About this exercise: There is material below. Print exactly the lines starting at the line with "2) emergency board (1377,35,1471,361)" and ending at the line with "15) sign (1367,96,1395,128)", ends included, and no others.

Exercise material:
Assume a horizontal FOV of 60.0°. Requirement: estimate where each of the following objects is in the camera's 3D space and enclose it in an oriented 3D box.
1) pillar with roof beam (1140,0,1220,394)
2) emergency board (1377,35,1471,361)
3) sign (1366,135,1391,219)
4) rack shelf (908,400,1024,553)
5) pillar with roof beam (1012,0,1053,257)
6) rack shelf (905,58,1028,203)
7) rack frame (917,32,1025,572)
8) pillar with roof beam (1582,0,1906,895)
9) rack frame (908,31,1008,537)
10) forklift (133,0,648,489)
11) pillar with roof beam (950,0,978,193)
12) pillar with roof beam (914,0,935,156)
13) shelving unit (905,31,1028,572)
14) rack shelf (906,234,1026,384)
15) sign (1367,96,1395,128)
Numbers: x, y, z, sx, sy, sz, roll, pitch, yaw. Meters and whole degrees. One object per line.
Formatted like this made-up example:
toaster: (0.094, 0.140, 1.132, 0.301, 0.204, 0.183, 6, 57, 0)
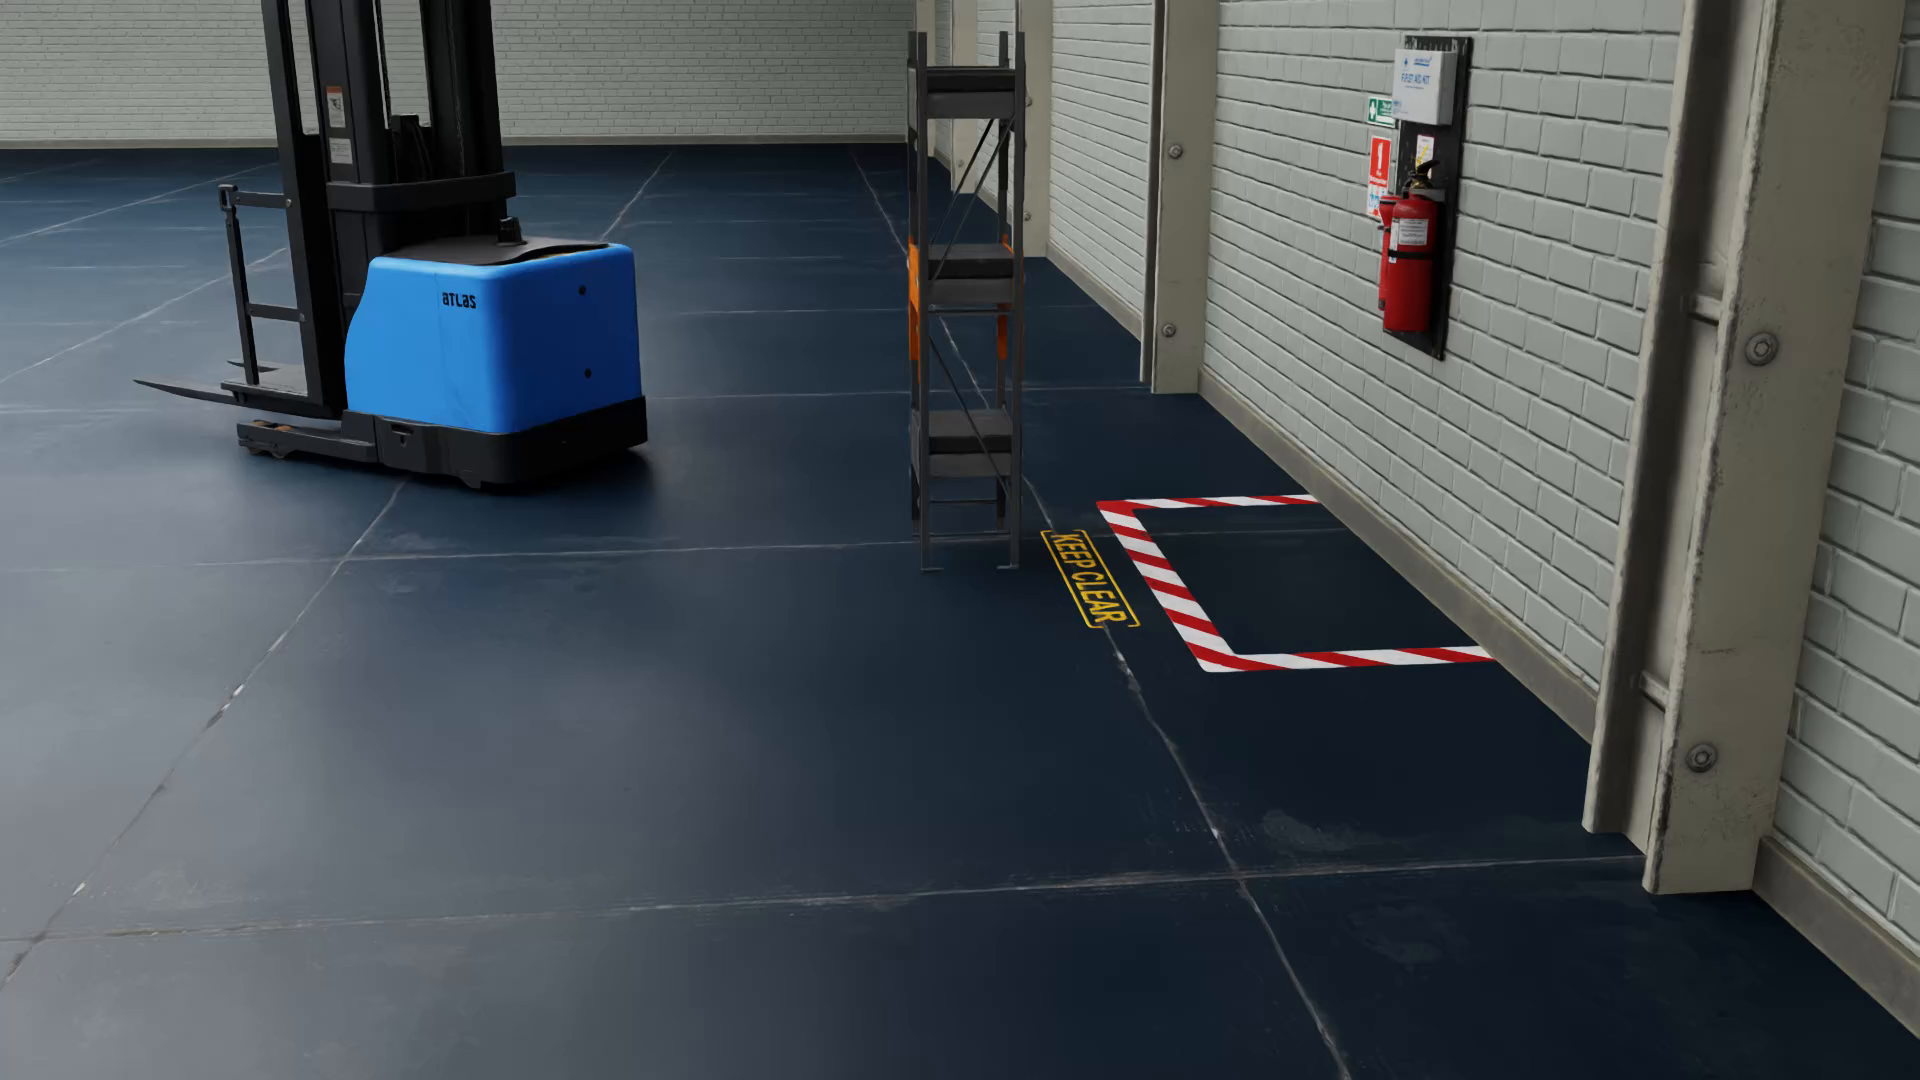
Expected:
pillar with roof beam: (-2.991, -5.101, 8.400, 9.100, 9.000, 0.400, -2, 18, -6)
emergency board: (1.693, -1.321, 6.377, 0.194, 1.169, 0.643, -2, 18, -6)
sign: (1.739, -1.506, 6.907, 0.001, 0.329, 0.234, -2, 18, -6)
rack shelf: (0.017, -0.272, 6.919, 0.431, 0.518, 0.480, -2, 18, -6)
pillar with roof beam: (-3.610, -6.888, 14.094, 9.100, 9.000, 0.400, -2, 18, -6)
rack shelf: (0.017, -1.607, 6.500, 0.431, 0.518, 0.480, -2, 18, -6)
rack frame: (0.042, -0.880, 6.474, 0.400, 2.100, 0.015, -2, 18, -6)
pillar with roof beam: (-2.372, -3.313, 2.706, 9.100, 9.000, 0.400, -2, 18, -6)
rack frame: (-0.008, -1.025, 6.937, 0.400, 2.100, 0.015, -2, 18, -6)
forklift: (-3.144, -1.942, 8.470, 3.031, 2.935, 1.130, 10, 20, 28)
pillar with roof beam: (-4.229, -8.676, 19.788, 9.100, 9.000, 0.400, -2, 18, -6)
pillar with roof beam: (-4.847, -10.463, 25.482, 9.100, 9.000, 0.400, -2, 18, -6)
shelving unit: (0.017, -0.952, 6.705, 0.431, 2.100, 0.503, -2, 18, -6)
rack shelf: (0.017, -0.939, 6.710, 0.431, 0.518, 0.480, -2, 18, -6)
sign: (1.730, -1.757, 6.822, 0.001, 0.109, 0.331, -2, 18, -6)

Reply to the task:
2) emergency board (1377,35,1471,361)
3) sign (1366,135,1391,219)
4) rack shelf (908,400,1024,553)
5) pillar with roof beam (1012,0,1053,257)
6) rack shelf (905,58,1028,203)
7) rack frame (917,32,1025,572)
8) pillar with roof beam (1582,0,1906,895)
9) rack frame (908,31,1008,537)
10) forklift (133,0,648,489)
11) pillar with roof beam (950,0,978,193)
12) pillar with roof beam (914,0,935,156)
13) shelving unit (905,31,1028,572)
14) rack shelf (906,234,1026,384)
15) sign (1367,96,1395,128)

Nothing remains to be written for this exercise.